Adapted from DeliVita with permission.
Neapolitan-Style Pizza Dough
Neapolitan-Style Pizza Dough
Neapolitan pizza is one of those things that looks deceptively simple — flour, water, salt, yeast — but the magic is entirely in the technique. This is the traditional style from Naples, protected by its own designation (True Neapolitan Pizza Association, no less), and it's defined by that gorgeous puffed crust known as the cornicione: airy, slightly charred, and wonderfully chewy. The key is a long, cold fermentation — at least 24 hours, ideally 48 — which develops deep flavour and a silky gluten structure you simply can't rush. This dough is made for a ripping-hot wood-fired oven, and it'll reward your patience handsomely.
Ingredients
Makes 4 dough balls (enough for 4 pizzas)
- 1kg 00 flour (or strong bread flour)
- 600ml cold water
- 10g fine salt
- 7g instant yeast (1 sachet)
- 2 tbsp extra virgin olive oil
Method
- Combine the flour and instant yeast in a large bowl and mix briefly to distribute evenly.
- Add the cold water, salt, and olive oil.
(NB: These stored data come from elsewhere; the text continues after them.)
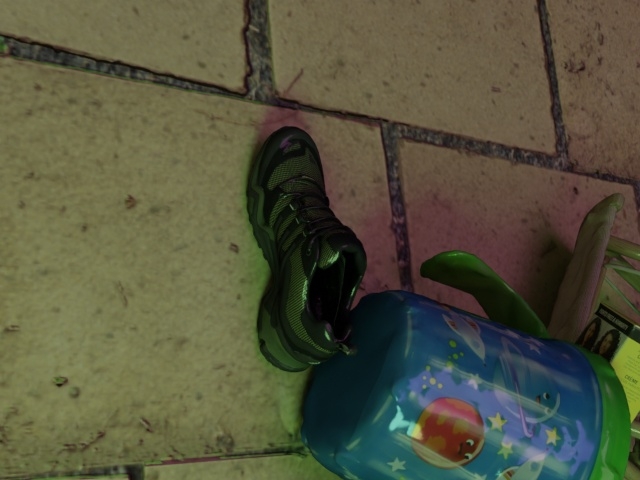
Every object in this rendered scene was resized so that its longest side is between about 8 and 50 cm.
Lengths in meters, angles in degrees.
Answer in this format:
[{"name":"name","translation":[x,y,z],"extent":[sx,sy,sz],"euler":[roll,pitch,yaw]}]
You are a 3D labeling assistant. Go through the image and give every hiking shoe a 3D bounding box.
[{"name":"hiking shoe","translation":[0.000,0.000,0.929],"extent":[0.086,0.114,0.226],"euler":[6,74,-42]}]

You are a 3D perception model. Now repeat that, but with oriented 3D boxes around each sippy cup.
[{"name":"sippy cup","translation":[0.114,0.159,0.930],"extent":[0.224,0.305,0.240],"euler":[29,103,-22]}]

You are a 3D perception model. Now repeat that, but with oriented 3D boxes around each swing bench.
[{"name":"swing bench","translation":[0.367,0.129,1.192],"extent":[0.255,0.165,0.253],"euler":[30,56,-4]}]

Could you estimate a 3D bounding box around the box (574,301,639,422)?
[{"name":"box","translation":[0.246,0.179,1.008],"extent":[0.058,0.087,0.232],"euler":[29,98,-14]}]

Mix with your hands or a dough scraper until a shaggy, rough dough forms — no dry flour left in the bowl.
- Cover the bowl and leave to rest for 20 minutes. This rest (called the autolyse) lets the flour absorb the water and makes kneading much easier.
- Knead the dough for 3–4 minutes until it feels smooth and springy. It doesn't need long — you're not trying to develop a baguette here, just smooth things out.
- Shape into a ball, place in a lightly oiled bowl, cover tightly with cling film, and refrigerate for 24–48 hours. The longer the better — 48 hours gives noticeably more flavour.
- When you're ready to bake, remove the dough from the fridge and divide it into 4 equal portions (roughly 400g each). Shape each piece into a tight ball by folding the edges underneath and rolling gently on the work surface.
- Place the dough balls on a lightly floured tray, cover loosely, and leave at room temperature for 2–3 hours until they've relaxed and puffed slightly. Cold dough is stiff and will tear when you stretch it — this rest is essential.
- To shape, flour your work surface generously and press each ball out from the centre with your fingertips, working outward. Leave the outer edge untouched to preserve your cornicione. Lift and stretch gently over your knuckles — no rolling pin. A rolling pin crushes all those lovely air bubbles you've spent two days building.
- Top lightly — Neapolitan dough is thin in the middle and doesn't want to be weighed down — then launch onto the hot stone or floor of your wood-fired oven. Bake at maximum heat (260–290°C floor temperature, or hotter if your oven allows) for 60–90 seconds, rotating once halfway through, until the crust is puffed and blistered with dark leopard spots.